Shutter (Thai: ชัตเตอร์ กดติดวิญญาณ Chattoe: Kot Tit Winyan, "Shutter: Press to Capture Ghosts") is a 2004 Thai supernatural horror film by Banjong Pisanthanakun and Parkpoom Wongpoom; starring Ananda Everingham, Natthaweeranuch Thongmee, and Achita Sikamana. It focuses on mysterious images seen in developed pictures. The film was a huge box office success, making it one of the best known horror films from Thailand and recognized worldwide.

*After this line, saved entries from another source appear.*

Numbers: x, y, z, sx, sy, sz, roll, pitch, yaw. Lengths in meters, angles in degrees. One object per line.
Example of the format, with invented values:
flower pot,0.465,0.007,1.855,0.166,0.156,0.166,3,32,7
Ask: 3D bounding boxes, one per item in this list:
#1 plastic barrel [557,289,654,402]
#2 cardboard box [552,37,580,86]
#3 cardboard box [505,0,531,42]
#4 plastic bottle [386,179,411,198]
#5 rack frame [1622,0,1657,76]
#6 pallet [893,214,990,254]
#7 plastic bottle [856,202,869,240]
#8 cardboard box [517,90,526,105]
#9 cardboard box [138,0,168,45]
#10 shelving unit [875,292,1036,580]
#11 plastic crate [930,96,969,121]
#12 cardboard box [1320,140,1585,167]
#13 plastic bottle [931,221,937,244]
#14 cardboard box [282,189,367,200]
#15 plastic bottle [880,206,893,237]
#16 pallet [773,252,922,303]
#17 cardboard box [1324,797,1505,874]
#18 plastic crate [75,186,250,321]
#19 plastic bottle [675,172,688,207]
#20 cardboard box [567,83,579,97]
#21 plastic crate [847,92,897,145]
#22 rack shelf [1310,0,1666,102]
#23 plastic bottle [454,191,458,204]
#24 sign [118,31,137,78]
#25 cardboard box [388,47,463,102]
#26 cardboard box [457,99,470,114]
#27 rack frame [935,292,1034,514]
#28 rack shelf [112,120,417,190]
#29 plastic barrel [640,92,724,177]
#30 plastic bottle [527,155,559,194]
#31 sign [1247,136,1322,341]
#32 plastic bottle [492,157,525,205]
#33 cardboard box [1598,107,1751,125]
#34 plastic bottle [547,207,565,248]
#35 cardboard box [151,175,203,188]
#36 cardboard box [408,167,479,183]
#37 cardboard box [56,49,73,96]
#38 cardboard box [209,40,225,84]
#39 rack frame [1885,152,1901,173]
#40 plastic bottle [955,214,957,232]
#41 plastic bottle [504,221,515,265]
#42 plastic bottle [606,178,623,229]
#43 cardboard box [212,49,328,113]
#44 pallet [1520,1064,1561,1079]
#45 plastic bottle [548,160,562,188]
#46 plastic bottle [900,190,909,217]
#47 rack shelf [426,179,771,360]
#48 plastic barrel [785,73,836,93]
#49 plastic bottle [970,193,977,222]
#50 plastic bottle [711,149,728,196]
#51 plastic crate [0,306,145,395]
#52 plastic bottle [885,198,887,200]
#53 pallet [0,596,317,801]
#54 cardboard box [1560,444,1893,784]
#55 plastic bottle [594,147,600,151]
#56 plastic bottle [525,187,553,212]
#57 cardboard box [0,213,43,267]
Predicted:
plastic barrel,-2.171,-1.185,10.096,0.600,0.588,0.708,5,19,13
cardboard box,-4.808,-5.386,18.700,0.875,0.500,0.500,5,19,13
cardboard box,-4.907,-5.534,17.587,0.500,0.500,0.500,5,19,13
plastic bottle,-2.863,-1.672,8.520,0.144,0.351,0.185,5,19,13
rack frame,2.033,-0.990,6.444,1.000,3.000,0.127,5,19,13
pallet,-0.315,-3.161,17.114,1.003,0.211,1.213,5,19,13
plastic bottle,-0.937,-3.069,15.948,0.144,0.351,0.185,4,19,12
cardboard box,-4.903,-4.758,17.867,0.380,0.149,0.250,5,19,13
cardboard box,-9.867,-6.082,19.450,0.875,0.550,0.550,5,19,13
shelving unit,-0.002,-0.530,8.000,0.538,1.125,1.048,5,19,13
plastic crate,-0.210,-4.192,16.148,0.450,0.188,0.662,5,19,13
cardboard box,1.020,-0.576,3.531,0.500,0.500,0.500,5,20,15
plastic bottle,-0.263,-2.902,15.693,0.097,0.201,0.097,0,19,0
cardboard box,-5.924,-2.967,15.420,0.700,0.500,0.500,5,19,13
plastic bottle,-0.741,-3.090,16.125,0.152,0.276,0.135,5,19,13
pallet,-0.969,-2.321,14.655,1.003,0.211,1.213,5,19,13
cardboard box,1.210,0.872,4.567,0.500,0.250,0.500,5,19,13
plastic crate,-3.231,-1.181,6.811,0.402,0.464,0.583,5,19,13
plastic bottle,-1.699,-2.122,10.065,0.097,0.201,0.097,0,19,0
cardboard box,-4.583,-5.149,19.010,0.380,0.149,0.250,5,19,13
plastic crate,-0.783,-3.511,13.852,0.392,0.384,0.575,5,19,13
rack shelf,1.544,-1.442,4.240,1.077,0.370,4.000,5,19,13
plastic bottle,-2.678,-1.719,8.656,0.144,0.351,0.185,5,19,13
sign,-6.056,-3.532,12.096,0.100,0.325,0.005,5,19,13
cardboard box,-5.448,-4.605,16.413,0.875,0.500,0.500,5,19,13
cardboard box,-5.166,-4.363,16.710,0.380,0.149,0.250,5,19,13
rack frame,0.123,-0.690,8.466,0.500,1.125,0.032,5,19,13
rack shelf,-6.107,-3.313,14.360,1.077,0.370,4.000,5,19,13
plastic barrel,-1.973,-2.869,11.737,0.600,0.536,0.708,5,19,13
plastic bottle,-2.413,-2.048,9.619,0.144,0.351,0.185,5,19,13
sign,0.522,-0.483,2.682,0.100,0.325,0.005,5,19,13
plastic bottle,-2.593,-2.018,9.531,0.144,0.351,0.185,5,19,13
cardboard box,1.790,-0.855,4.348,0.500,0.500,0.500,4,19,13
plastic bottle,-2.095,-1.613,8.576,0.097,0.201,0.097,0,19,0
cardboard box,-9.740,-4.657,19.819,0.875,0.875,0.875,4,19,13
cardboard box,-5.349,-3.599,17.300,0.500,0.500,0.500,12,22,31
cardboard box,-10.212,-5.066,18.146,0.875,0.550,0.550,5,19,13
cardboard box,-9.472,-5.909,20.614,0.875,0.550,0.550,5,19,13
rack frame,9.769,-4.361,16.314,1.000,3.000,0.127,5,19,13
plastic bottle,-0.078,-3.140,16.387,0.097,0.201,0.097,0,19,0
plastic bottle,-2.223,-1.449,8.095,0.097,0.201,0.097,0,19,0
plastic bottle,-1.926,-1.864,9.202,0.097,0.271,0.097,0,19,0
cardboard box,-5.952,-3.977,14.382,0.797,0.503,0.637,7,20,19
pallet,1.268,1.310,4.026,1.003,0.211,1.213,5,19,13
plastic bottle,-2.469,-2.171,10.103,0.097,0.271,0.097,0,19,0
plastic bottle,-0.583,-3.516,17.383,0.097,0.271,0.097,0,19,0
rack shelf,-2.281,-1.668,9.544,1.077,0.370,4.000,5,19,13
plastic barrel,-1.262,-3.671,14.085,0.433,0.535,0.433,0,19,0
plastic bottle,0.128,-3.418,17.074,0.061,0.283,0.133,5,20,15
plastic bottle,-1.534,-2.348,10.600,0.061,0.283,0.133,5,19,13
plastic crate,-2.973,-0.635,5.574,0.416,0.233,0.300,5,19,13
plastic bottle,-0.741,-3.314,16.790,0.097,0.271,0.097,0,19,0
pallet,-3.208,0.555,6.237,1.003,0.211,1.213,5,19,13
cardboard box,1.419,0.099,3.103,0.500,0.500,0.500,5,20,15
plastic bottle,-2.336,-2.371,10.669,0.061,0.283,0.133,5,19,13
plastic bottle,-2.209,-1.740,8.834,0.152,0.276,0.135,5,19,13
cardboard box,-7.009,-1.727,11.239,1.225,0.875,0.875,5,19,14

The film was remade in Telugu as Photo, in Tamil as Sivi, in English  under the same name and in Hindi as Click.

Plot
After a friends' party, Jane (Natthaweeranuch Thongmee) and her photographer boyfriend Tun (Ananda Everingham) get into a car accident, with Jane accidentally running over a woman. Tun prohibits her from getting out of the car; they drive away, leaving the girl on the road.

Tun begins to discover mysterious white shadows and faces in his photographs. Jane thinks these images may be the ghost of the girl they hit. Tun, who has been experiencing severe neck pains since the accident, visits a specialist and is dismayed to find that his weight is double his regular weight. He dismisses the idea of being haunted, though his friends are also being disturbed by this entity.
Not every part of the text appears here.